• [Work item]:
Among the entries below, find every line that contains the string "meters", then copy it.

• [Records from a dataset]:
* * *

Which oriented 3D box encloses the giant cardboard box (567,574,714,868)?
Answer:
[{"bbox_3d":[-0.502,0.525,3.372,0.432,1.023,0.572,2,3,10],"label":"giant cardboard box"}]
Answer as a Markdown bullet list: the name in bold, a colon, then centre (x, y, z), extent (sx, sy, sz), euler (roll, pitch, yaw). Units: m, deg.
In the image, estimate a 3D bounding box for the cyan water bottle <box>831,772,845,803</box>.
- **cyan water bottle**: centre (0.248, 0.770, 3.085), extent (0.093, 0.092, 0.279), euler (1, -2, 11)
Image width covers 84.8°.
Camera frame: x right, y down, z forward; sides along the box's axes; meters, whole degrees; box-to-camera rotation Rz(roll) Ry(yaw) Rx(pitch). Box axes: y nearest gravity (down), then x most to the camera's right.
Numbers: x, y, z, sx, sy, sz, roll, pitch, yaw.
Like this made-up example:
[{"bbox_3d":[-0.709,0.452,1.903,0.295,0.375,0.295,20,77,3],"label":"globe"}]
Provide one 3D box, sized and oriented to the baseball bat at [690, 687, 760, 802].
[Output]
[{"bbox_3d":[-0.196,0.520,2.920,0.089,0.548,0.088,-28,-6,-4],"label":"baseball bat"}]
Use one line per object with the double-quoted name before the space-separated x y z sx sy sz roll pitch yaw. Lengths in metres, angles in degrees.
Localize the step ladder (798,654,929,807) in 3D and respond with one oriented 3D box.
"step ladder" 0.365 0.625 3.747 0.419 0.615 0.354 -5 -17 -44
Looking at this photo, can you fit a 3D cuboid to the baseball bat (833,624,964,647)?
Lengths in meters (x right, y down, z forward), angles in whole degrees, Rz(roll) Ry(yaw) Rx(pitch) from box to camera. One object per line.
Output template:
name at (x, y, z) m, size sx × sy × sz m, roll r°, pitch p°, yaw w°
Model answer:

* * *

• [Response area]:
Camera frame: x right, y down, z forward; sides along the box's axes; meters, whole degrees; box-to-camera rotation Rz(roll) Ry(yaw) Rx(pitch). Box axes: y nearest gravity (down), then x most to the camera's right.
Lengths in meters (x right, y down, z forward), angles in whole degrees, Rz(roll) Ry(yaw) Rx(pitch) from box to camera. One object per line.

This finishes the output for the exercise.